For good reason, most financial advisers prefer internal to external transitions when planning their business' succession.

For good reason, most financial advisers prefer internal to external transitions when planning their business’ succession. Internal transitions allow for greater client and staff continuity, give the departing owner an opportunity to play a continuing role and fulfill his or her desire to leave a legacy.

But since practice often differs from theory, many internal transitions don’t work. Here are some real-life lessons from clients and advisers with whom I stay in touch that may make your succession planning more successful:

1. Make sure that your potential successor actually wants to be a business owner. Many employees and potential successors like the idea of being an owner or a partner, but find the actual performance of those roles not so appealing. One of my favorite former clients worked for years to groom a successor, and then for almost a year to structure a transaction. The successor was involved throughout, but got cold feet in the final hour when the responsibility for buying out the senior partner became overwhelming.

Being a business owner is mostly not about title and status and mostly is about investment, commitment and responsibility. It requires more than professional competence and good technical skills; it is about being able to invest in the business and bear risk.

Many internal transitions are in the final stages before successors realize what it all means. Although current owners view the assumption of business risk as an opportunity, some internal successors see it as daunting and too much of a commitment.

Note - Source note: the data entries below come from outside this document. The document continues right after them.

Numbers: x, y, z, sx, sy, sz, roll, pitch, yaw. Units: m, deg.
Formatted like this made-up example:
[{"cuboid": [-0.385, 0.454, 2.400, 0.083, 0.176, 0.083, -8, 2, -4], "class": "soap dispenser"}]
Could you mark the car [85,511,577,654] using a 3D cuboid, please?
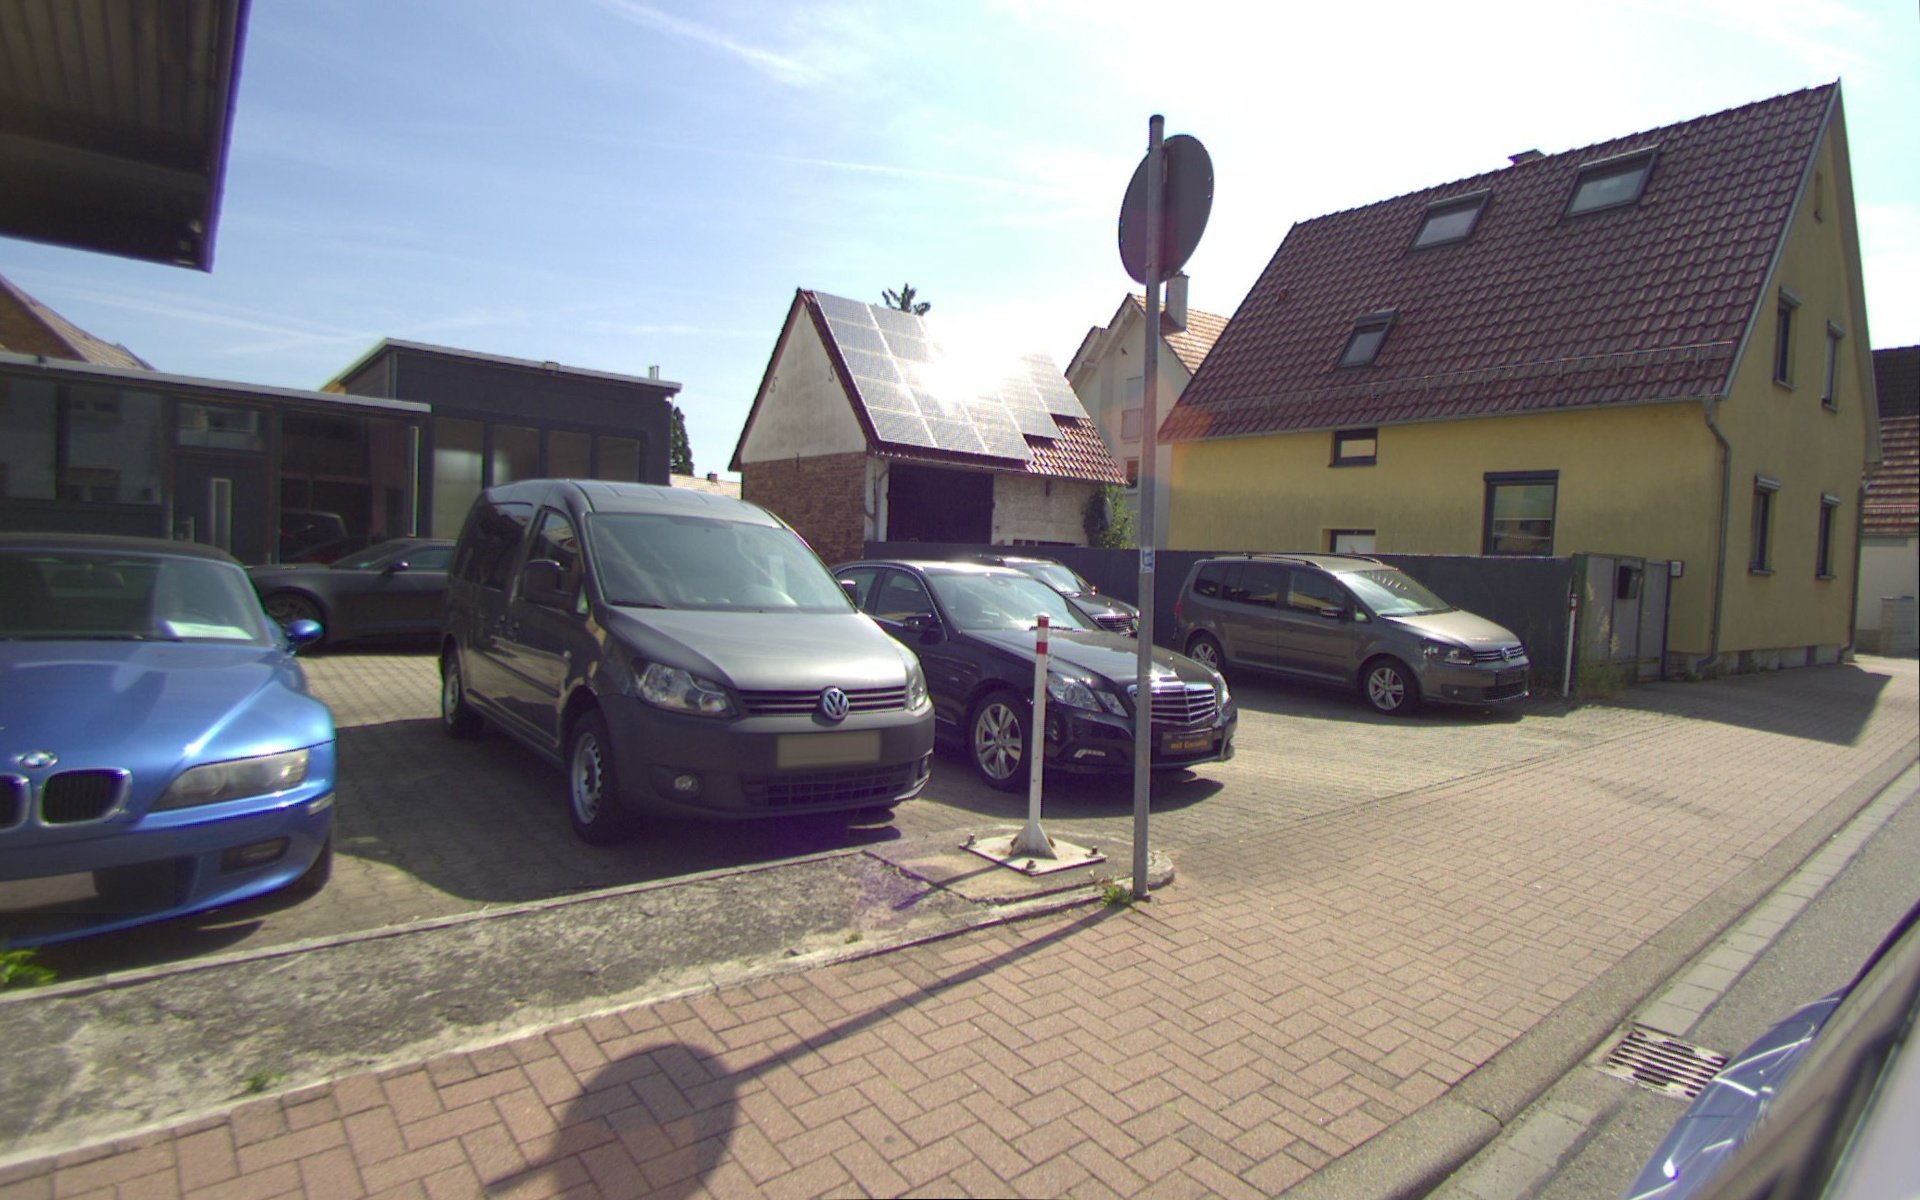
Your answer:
[{"cuboid": [-7.150, -0.234, 11.871, 4.669, 1.363, 1.761, -1, 3, -43], "class": "car"}]

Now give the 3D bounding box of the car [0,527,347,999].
[{"cuboid": [-4.075, 0.327, 4.473, 1.929, 1.283, 4.553, 0, 3, -37], "class": "car"}]

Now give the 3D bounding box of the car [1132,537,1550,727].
[{"cuboid": [4.137, 0.178, 11.750, 1.703, 1.766, 4.346, 0, 3, -33], "class": "car"}]

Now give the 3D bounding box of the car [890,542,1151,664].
[{"cuboid": [0.754, -0.081, 15.982, 1.947, 1.526, 4.564, -1, 4, -29], "class": "car"}]

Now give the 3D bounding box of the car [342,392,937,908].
[{"cuboid": [-2.299, 0.067, 6.043, 1.929, 1.832, 4.651, 2, 2, -37], "class": "car"}]

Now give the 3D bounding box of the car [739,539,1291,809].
[{"cuboid": [0.078, 0.313, 8.106, 1.875, 1.516, 4.650, 0, 2, -36], "class": "car"}]

Unless the internal succession candidate is interested in being an owner of a very small business, or a small owner in a large business (which requires a larger pool of successors), he or she may not be a good choice. If that is the case, there are other ways to engage such an individual — including profit-sharing and/or a status title — but he or she probably is not a viable successor to the business owner.

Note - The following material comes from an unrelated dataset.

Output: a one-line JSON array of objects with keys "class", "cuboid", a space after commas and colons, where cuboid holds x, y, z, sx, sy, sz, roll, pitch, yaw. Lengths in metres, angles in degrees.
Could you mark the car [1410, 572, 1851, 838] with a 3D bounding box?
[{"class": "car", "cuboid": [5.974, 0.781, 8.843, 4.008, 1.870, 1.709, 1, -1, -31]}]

2. Make sure that you understand what your successor wants and what he or she is willing to give to achieve that. Are you on the same page about timing, cost and contribution? I have seen these as challenges for both buyer and seller.

In some cases, the seller wants to sell only a small share of the business to an internal successor, say 5% or 10%, so the seller can prepare to exit at an undetermined time in the future. For a successor who wants to own the business outright, this is buying into a black box.

In other cases, the owner wants to sell the entire business and the successor wants to own only enough to be called an owner, which won’t ultimately fulfill the seller’s transition desires. Such a mismatch can create frustration.

Price can also be a challenge. Internal buyers frequently feel that they should be given a discount on the purchase price, since they are insiders and probably contributed to the business’ growth. That sentiment — and pure affordability — are two reasons internal successions don’t usually command the same premiums as external transactions.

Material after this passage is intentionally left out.